### PROBLEM STATEMENT:
Look through the listing below and work out how many of its lines hold the word "that". Give only the number.

### GIVEN INFORMATION:

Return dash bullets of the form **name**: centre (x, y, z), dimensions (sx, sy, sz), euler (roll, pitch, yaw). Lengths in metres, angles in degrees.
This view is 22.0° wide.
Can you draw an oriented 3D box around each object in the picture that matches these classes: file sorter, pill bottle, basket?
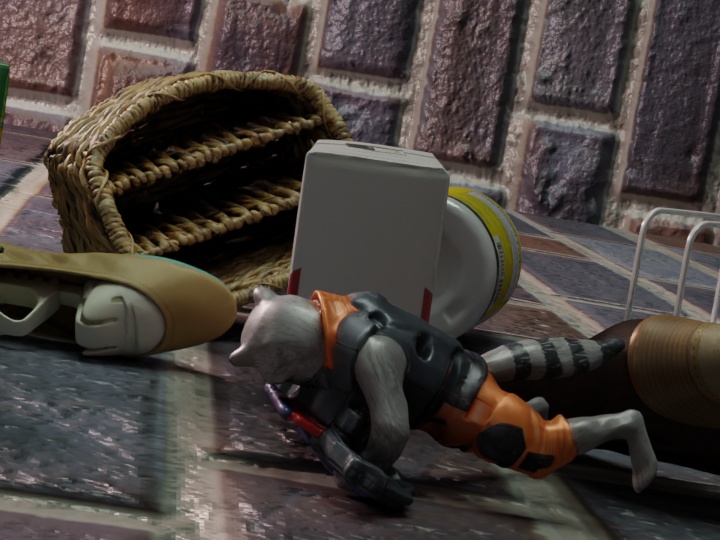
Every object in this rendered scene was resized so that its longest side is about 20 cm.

### REPLY TO THE TASK:
2